The choice of whether to store data in a list or dictionary (or set) may seem a bit arbitrary at times. Here is a brief summary of some of the pros and cons of these:

* Finding elements in a set vs a list:  `x in C` is valid whether the collection `C` is a list, set or dictonary. However computationally for large collections this is much slower with lists than sets or dictionaries. On the other hand if all items are indexed by an integer than `x[45672]` is much faster to look up if x is a list than if it is a dictionary.
* If all your items are indexed by integers but with some indices unused you could use lists and assign some dummy value (e.g. "") whenever there is no corresponding item. For very sparse collections this could consume significant additional memory compared to a dictionary. On the other hand if most values are present, then storing the indices explicitly (as is done in a dictionary) could consume significant additional memory compared to the list representation.



In [None]:
import time
bigList = [i for i in range(0,100000)]
bigSet = set(bigList)
start = time.clock()  # how long to find the last number out of 10,000 items?
99999 in bigList
print("List lookup time: %.6f ms" % (1000*(time.clock()-start)))
start = time.clock()
99999 in bigSet
print("Set lookup time:  %.6f ms" % (1000*(time.clock()-start)))
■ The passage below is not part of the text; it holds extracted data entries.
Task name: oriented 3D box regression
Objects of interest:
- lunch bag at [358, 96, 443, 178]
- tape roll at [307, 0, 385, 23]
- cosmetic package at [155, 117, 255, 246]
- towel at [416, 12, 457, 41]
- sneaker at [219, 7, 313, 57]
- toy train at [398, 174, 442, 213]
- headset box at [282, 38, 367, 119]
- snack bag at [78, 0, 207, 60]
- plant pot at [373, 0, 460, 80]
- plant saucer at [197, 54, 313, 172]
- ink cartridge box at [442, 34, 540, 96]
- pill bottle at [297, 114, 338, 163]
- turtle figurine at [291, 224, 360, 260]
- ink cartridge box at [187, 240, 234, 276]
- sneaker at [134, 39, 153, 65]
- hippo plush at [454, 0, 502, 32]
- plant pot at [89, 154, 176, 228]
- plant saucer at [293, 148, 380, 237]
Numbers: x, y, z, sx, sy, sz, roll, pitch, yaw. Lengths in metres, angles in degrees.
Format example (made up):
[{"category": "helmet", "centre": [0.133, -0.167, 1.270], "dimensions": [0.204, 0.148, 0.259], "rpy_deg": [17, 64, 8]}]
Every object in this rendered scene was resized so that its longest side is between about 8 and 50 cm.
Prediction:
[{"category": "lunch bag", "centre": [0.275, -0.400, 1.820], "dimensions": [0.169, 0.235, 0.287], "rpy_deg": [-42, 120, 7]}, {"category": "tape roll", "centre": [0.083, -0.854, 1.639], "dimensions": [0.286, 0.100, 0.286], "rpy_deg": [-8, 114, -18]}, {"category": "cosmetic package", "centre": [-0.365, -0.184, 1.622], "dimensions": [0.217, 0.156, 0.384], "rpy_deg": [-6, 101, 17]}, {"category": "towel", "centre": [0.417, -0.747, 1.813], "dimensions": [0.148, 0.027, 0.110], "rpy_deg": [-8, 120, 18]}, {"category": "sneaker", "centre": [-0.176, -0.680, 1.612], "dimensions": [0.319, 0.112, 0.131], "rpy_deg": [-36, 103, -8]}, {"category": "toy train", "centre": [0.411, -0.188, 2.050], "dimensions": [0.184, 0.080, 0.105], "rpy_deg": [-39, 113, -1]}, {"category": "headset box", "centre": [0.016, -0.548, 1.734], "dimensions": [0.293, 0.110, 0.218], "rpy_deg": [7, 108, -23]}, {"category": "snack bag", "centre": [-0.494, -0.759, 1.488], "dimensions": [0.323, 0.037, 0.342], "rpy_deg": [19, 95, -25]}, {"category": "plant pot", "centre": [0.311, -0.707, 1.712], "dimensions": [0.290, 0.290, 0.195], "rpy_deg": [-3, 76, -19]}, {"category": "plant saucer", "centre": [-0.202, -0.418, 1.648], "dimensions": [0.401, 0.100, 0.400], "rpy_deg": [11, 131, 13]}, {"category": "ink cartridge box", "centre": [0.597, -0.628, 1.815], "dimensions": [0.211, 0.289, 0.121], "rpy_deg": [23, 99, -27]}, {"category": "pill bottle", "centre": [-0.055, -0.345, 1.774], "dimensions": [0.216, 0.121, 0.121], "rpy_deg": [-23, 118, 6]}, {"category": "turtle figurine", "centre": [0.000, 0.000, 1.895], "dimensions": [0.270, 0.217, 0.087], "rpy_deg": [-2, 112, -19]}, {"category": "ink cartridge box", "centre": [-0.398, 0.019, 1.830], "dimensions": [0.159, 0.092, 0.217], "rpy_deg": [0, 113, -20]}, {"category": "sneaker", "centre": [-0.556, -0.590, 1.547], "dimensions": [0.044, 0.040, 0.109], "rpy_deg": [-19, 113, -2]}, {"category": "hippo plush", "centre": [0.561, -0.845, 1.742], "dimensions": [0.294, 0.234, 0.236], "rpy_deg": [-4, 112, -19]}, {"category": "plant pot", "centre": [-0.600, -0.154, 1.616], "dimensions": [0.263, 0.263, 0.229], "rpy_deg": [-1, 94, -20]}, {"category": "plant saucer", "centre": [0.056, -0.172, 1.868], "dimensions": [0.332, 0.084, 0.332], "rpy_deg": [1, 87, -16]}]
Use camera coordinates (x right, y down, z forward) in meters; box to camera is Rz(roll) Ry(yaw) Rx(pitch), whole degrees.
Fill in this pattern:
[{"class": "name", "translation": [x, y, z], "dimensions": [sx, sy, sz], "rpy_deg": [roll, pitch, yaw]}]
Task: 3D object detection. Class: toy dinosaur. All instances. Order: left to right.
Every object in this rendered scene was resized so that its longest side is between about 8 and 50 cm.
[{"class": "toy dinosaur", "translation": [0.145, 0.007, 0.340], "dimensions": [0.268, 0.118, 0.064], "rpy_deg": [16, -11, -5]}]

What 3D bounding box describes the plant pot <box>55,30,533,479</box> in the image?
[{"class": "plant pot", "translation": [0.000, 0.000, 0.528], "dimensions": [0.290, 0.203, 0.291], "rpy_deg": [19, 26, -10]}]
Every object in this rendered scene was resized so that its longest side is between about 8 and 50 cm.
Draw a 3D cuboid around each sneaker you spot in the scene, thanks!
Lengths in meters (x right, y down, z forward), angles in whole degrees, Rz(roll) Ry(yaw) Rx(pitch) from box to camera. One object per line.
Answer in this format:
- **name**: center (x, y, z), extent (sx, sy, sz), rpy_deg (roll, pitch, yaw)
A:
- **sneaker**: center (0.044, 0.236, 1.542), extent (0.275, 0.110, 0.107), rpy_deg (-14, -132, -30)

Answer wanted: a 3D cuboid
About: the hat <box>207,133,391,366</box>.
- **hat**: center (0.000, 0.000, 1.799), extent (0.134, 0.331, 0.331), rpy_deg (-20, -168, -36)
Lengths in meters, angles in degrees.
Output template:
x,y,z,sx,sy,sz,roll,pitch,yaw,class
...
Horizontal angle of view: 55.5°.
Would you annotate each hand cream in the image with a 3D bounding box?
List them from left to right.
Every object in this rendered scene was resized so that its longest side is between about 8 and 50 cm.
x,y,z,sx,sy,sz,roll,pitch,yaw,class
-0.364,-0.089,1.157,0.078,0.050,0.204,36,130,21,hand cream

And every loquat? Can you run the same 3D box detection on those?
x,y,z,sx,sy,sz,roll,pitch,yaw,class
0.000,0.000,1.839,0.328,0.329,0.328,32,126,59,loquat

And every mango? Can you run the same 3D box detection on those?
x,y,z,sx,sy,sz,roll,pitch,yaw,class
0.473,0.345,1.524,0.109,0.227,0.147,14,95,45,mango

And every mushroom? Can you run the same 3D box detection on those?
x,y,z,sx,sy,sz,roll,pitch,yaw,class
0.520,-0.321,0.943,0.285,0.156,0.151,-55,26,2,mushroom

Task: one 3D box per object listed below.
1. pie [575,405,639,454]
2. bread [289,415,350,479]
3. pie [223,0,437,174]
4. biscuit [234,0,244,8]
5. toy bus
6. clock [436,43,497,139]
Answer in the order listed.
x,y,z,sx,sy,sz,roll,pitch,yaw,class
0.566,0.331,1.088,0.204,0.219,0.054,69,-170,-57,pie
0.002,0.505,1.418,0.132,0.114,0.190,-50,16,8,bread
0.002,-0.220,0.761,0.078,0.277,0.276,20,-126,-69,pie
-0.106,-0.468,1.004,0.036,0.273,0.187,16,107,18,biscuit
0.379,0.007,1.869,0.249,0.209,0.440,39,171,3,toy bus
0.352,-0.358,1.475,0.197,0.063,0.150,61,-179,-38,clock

List lookup time: 3.775000 ms
Set lookup time:  0.224000 ms


  after removing the cwd from sys.path.
  
  import sys
  if __name__ == '__main__':


## Exercises

1. Create a dictionary of integer values, then write a script to sort (ascending and descending) this dictionary by value.
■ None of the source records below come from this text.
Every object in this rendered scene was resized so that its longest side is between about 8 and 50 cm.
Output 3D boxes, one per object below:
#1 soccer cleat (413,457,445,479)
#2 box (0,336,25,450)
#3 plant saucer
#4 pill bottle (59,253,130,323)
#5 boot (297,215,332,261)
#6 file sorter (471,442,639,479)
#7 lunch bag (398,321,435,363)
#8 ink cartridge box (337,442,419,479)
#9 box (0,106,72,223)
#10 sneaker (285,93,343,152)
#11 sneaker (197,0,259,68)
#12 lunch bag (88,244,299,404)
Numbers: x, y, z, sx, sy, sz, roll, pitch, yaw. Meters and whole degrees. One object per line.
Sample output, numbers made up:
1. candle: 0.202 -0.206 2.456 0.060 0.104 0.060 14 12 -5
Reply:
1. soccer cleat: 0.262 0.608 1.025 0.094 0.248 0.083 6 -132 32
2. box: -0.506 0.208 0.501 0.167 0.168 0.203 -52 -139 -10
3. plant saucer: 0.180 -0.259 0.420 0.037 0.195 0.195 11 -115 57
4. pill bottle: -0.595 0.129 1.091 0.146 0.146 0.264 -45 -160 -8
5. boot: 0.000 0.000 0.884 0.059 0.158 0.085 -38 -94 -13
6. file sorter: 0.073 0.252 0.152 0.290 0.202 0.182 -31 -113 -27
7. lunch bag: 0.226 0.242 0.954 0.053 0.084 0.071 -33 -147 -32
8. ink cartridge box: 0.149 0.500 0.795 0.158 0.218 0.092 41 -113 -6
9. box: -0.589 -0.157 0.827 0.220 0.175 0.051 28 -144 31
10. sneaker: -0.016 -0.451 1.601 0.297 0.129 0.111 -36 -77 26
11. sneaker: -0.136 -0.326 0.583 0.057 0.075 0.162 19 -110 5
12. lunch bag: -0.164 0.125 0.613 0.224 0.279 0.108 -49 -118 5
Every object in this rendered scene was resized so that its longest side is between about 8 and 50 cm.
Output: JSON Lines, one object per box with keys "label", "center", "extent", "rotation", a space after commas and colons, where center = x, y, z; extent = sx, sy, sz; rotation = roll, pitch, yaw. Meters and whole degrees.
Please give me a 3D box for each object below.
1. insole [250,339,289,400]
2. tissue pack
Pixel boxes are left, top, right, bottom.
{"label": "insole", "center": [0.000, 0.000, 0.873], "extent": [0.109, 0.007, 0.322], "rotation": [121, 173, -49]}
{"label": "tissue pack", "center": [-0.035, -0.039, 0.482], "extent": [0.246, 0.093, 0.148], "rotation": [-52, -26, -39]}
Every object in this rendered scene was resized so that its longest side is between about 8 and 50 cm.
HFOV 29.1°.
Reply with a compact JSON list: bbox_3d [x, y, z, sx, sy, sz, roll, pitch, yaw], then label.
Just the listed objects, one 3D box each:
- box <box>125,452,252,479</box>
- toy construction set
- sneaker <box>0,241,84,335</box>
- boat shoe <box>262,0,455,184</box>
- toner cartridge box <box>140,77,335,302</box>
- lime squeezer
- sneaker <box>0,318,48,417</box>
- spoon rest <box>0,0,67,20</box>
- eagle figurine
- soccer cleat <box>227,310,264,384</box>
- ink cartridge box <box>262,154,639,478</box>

2. Combine these two list into a dictionary:
```python
keys = ['Ten', 'Twenty', 'Thirty']
values = [10, 20, 30]
```
3. Merge these two dictionaries to one dictionary:
```python
dictA = {'Ten': 10, 'Twenty': 20, 'Thirty': 30}
dictB = {'Thirty': 30, 'Fourty': 40, 'Fifty': 50}
``` 

4. Please access the value of key `history` from the below `sample_dict`, then replace the value of key `history` by `100`
```python
sample_dict = { 
   "class":{ 
      "student":{ 
         "name":"Mike",
         "marks":{ 
            "physics":70,
            "history":80
                }
            }
        }
    }
```

5. Write a Python script to check if a given key already exists in a dictionary or not.
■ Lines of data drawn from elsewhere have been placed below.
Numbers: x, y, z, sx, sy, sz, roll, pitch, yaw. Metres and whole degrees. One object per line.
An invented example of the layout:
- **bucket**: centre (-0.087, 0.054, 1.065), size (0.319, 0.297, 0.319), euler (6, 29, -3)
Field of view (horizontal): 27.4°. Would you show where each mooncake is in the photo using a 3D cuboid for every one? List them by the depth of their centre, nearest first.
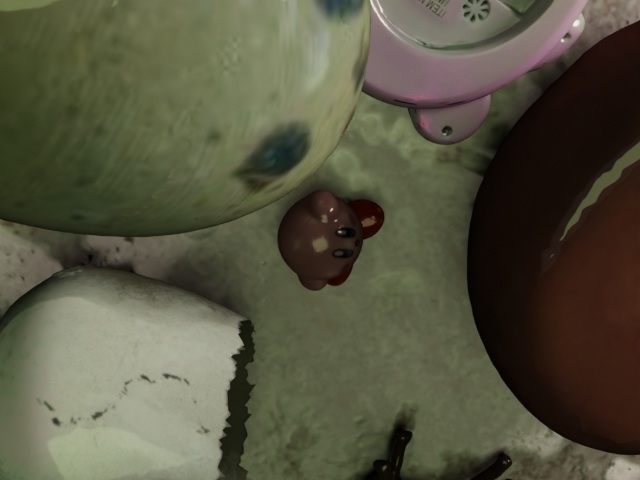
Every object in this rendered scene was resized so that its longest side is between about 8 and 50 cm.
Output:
- **mooncake**: centre (0.276, -0.006, 0.983), size (0.333, 0.174, 0.326), euler (-6, 117, -4)

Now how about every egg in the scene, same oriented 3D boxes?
- **egg**: centre (-0.161, -0.183, 0.782), size (0.428, 0.345, 0.345), euler (33, 108, -8)

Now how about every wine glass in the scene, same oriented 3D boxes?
- **wine glass**: centre (-0.214, 0.132, 0.988), size (0.322, 0.238, 0.238), euler (6, 114, 6)

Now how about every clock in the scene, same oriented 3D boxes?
- **clock**: centre (0.094, -0.208, 0.930), size (0.227, 0.090, 0.248), euler (32, 110, -15)

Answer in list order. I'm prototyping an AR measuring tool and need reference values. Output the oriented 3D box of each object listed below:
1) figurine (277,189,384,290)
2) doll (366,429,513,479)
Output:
- **figurine**: centre (0.000, 0.000, 1.026), size (0.067, 0.071, 0.083), euler (26, 106, 31)
- **doll**: centre (0.078, 0.244, 1.146), size (0.139, 0.057, 0.165), euler (15, 121, -12)

6. Write a Python script to print a dictionary where the keys are numbers between 1 and 15 (both included) and the values are square of keys. </br>
Sample Dictionary
`{1: 1, 2: 4, 3: 9, 4: 16, 5: 25, 6: 36, 7: 49, 8: 64, 9: 81, 10: 100, 11: 121, 12: 144, 13: 169, 14: 196, 15: 225}`

7. Given the following dictionary: 
```python
inventory = {
    'gold' : 500,
    'pouch' : ['flint', 'twine', 'gemstone'],
    'backpack' : ['xylophone','dagger', 'bedroll','bread loaf']
}
```
Try to do the followings:
- Add a key to inventory called `pocket`.
- Set the value of `pocket` to be a list consisting of the strings `seashell`, `strange berry`, and `lint`.
- `.sort()` the items in the list stored under the `backpack` key.
- Then `.remove('dagger')` from the list of items stored under the `backpack` key.
- Add 50 to the number stored under the `gold` key.